DIRECTIONS – Output only the lines of the entries that follow, starting at the one with "Your response must be concise. Center" and running down to the one with "Your answer should be very brief. 3. What", both included and unchanged.
*** SUPPLIED MATERIAL ***
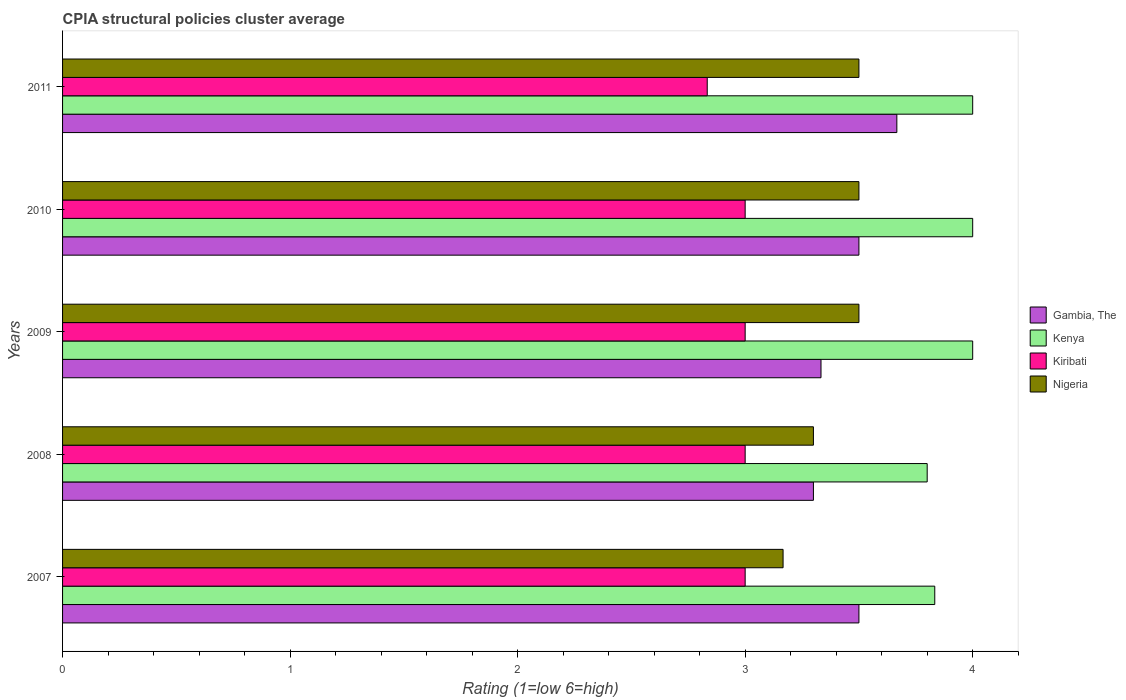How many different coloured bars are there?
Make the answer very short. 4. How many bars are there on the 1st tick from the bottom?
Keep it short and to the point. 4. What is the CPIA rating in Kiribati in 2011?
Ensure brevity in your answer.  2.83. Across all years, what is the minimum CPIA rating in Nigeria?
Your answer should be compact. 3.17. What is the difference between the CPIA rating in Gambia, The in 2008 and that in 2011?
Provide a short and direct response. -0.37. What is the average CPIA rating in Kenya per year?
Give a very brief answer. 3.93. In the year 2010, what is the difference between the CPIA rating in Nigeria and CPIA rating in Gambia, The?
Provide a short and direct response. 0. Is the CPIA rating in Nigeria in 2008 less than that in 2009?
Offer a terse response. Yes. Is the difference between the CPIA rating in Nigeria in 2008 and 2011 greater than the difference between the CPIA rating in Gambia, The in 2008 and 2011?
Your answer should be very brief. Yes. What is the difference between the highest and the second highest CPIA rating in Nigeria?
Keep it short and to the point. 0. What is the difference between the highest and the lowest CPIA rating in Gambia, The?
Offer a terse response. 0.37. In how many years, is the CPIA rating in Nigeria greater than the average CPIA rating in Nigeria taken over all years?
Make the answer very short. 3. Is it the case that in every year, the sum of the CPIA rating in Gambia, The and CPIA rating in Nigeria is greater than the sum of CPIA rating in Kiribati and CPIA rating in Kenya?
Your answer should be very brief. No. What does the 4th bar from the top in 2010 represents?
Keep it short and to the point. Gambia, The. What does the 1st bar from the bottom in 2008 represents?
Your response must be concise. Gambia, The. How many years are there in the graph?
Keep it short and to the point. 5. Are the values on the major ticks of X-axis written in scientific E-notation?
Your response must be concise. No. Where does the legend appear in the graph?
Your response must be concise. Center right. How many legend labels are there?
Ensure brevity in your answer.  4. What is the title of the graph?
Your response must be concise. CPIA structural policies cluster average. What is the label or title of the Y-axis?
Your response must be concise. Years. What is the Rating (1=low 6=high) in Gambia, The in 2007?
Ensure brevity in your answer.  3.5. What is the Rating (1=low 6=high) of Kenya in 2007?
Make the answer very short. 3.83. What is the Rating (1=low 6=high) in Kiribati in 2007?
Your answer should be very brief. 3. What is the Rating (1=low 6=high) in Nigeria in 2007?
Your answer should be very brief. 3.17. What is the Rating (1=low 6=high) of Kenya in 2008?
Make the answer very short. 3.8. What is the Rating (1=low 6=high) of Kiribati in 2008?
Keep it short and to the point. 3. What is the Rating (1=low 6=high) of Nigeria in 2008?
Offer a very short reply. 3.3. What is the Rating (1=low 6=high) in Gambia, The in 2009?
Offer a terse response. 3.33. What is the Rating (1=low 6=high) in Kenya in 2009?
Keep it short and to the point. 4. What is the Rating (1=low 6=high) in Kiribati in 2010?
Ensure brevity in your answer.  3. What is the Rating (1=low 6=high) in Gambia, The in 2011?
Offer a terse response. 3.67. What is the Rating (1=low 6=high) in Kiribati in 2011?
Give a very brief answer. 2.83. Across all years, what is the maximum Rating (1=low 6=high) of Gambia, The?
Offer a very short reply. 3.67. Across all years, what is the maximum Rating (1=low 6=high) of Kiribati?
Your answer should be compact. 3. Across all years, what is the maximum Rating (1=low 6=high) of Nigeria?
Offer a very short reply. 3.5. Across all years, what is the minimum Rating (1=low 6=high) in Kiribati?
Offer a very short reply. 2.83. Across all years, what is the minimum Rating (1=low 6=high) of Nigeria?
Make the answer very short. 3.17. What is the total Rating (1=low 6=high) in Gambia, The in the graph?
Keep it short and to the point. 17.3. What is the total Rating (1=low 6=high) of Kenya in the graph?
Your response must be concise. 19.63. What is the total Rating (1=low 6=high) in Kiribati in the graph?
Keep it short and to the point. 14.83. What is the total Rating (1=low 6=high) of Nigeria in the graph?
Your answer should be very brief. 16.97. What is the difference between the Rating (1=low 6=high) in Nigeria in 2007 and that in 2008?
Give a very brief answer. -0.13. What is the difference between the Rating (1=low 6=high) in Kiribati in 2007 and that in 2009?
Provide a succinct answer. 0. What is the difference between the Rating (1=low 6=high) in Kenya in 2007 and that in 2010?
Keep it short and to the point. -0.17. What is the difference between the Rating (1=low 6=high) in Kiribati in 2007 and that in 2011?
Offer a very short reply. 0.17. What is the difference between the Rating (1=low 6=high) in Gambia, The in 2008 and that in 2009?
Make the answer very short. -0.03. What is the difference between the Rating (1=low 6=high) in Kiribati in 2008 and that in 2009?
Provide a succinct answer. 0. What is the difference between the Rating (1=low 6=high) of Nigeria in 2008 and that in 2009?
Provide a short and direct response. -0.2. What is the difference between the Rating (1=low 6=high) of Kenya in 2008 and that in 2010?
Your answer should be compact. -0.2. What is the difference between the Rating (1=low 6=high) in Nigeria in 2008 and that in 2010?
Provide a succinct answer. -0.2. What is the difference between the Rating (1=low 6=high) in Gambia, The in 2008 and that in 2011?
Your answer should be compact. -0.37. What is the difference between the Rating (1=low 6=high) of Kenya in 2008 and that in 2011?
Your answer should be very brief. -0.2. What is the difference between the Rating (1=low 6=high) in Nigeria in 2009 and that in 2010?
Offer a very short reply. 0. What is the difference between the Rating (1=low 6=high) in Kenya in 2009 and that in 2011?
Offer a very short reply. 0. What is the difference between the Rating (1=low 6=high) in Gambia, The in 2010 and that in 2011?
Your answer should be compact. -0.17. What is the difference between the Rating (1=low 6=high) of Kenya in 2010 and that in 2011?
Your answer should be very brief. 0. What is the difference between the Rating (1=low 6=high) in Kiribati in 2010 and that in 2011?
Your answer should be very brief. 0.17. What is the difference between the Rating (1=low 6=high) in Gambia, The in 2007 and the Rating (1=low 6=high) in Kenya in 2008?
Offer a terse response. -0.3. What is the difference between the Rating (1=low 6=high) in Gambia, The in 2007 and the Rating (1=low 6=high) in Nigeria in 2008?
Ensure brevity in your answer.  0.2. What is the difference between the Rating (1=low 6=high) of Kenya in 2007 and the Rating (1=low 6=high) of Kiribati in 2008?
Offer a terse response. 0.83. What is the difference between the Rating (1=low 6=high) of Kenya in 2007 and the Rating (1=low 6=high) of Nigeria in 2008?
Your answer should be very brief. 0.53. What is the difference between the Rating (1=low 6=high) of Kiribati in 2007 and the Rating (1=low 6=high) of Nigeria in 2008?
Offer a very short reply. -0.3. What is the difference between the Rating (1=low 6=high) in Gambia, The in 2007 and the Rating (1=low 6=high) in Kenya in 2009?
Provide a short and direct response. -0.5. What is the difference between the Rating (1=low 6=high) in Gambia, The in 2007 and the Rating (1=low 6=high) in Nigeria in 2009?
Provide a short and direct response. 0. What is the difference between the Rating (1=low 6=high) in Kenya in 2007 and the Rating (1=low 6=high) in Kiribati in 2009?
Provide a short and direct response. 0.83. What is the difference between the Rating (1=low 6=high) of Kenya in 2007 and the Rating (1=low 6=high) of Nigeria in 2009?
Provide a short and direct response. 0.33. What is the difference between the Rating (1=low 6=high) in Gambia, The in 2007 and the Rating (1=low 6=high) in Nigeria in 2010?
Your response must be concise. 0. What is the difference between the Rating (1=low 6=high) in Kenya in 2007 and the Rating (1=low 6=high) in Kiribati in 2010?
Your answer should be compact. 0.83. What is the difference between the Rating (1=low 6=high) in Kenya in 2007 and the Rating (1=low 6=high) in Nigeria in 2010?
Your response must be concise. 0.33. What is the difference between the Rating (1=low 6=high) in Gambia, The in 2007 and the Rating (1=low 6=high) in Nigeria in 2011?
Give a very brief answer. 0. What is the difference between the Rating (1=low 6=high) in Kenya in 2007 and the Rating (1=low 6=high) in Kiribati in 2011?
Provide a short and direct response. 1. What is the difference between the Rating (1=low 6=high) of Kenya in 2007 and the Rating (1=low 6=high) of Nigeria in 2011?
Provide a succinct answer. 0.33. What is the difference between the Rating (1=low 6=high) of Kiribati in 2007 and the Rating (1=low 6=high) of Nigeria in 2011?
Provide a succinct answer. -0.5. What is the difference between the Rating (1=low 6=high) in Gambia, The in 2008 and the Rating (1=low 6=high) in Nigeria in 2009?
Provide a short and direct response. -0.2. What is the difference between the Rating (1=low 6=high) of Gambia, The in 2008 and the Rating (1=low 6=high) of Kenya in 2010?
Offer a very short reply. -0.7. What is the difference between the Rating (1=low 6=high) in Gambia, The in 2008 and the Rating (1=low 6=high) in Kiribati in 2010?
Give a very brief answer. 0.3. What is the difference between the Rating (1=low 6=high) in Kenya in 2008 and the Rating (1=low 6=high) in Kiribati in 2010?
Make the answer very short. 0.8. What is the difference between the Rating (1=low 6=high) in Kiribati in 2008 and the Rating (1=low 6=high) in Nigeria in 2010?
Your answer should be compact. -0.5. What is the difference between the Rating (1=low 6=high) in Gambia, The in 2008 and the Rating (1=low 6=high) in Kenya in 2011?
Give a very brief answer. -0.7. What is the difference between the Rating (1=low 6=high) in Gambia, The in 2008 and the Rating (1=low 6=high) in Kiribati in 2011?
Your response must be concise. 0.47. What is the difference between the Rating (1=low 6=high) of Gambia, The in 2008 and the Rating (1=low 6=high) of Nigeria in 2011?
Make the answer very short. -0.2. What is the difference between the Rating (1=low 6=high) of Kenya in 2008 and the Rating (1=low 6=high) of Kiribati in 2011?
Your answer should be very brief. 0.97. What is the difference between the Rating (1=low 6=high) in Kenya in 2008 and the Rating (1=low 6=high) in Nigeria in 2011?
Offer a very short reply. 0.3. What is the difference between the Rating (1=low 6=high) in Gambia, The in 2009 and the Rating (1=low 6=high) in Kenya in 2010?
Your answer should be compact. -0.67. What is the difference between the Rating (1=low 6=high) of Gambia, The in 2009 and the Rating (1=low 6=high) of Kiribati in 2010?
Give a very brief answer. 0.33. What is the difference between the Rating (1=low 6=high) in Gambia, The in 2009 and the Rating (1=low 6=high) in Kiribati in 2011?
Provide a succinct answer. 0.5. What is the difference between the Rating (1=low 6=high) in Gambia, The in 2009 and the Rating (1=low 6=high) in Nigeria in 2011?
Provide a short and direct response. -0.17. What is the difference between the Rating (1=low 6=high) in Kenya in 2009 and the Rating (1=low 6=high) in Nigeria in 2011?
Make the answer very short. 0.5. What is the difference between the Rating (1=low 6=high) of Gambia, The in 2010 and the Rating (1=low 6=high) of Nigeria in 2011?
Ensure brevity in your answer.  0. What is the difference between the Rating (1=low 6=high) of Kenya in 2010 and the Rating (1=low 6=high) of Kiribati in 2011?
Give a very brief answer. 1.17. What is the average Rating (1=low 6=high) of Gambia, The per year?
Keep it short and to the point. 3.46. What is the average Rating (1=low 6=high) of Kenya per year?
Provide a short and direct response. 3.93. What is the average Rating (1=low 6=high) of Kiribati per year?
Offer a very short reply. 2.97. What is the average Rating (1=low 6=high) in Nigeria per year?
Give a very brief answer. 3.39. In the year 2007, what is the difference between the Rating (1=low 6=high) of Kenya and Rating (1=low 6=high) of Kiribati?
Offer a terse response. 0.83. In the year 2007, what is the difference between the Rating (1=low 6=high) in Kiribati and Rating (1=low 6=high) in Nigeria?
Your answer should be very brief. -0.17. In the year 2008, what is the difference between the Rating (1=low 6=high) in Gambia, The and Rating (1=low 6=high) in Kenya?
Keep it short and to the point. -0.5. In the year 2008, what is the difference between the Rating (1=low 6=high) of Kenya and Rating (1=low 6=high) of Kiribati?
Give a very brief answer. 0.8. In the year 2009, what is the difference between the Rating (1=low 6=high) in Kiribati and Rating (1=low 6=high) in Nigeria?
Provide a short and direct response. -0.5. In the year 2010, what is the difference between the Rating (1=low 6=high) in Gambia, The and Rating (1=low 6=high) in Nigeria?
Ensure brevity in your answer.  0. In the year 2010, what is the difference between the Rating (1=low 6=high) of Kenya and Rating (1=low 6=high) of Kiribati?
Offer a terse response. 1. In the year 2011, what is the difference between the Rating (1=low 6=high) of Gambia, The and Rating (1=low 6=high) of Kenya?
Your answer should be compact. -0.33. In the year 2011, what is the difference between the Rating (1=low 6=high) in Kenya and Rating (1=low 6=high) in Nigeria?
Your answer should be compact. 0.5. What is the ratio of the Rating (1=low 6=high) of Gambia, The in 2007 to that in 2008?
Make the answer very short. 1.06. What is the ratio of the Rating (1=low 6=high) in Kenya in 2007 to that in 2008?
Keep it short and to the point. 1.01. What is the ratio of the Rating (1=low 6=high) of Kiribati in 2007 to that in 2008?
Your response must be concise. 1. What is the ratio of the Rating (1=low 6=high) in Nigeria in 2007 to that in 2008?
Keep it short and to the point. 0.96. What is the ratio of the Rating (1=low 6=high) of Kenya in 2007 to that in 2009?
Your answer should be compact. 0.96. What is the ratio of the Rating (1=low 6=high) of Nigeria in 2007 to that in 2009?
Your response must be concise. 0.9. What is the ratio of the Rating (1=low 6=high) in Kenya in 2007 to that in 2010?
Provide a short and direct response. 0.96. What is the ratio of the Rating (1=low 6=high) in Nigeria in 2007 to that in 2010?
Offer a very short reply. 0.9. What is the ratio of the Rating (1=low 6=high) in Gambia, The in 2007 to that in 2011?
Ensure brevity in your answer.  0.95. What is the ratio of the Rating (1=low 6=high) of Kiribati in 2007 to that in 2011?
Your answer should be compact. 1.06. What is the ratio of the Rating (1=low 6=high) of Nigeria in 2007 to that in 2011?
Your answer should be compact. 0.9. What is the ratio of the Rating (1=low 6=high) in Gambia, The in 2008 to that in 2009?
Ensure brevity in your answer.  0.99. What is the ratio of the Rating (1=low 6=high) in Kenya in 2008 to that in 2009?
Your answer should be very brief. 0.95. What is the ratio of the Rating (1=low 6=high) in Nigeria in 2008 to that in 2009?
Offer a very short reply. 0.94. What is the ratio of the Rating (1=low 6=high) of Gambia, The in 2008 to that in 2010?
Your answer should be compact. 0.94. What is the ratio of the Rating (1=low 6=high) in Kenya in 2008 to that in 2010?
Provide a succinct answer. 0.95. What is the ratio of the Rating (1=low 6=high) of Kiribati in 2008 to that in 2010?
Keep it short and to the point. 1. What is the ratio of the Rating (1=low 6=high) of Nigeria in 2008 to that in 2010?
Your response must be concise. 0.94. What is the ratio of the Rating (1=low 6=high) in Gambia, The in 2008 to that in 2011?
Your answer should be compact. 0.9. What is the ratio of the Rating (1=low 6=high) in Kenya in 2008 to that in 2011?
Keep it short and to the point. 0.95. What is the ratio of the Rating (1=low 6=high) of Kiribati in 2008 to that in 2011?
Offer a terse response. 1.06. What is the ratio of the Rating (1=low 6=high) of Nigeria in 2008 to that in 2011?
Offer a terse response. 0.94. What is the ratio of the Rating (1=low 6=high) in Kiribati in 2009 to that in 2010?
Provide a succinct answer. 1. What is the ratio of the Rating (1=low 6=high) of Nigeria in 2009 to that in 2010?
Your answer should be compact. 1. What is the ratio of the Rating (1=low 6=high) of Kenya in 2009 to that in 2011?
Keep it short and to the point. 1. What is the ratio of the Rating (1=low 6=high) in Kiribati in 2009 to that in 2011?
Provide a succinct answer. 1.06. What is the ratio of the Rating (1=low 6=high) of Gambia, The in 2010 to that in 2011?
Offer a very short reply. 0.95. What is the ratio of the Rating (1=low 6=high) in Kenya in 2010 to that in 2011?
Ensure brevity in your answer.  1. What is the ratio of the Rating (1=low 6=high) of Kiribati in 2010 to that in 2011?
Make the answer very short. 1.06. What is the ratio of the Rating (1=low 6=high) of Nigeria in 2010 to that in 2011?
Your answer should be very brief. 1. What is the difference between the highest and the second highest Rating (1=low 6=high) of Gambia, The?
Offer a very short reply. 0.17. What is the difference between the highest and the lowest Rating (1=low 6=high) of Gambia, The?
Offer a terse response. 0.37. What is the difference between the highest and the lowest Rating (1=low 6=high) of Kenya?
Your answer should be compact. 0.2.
*** End of SUPPLIED MATERIAL ***
ANSWER BOX –
Your response must be concise. Center right. How many legend labels are there?
Ensure brevity in your answer.  4. What is the title of the graph?
Your response must be concise. CPIA structural policies cluster average. What is the label or title of the Y-axis?
Your response must be concise. Years. What is the Rating (1=low 6=high) in Gambia, The in 2007?
Ensure brevity in your answer.  3.5. What is the Rating (1=low 6=high) of Kenya in 2007?
Make the answer very short. 3.83. What is the Rating (1=low 6=high) in Kiribati in 2007?
Your answer should be very brief. 3. What is the Rating (1=low 6=high) in Nigeria in 2007?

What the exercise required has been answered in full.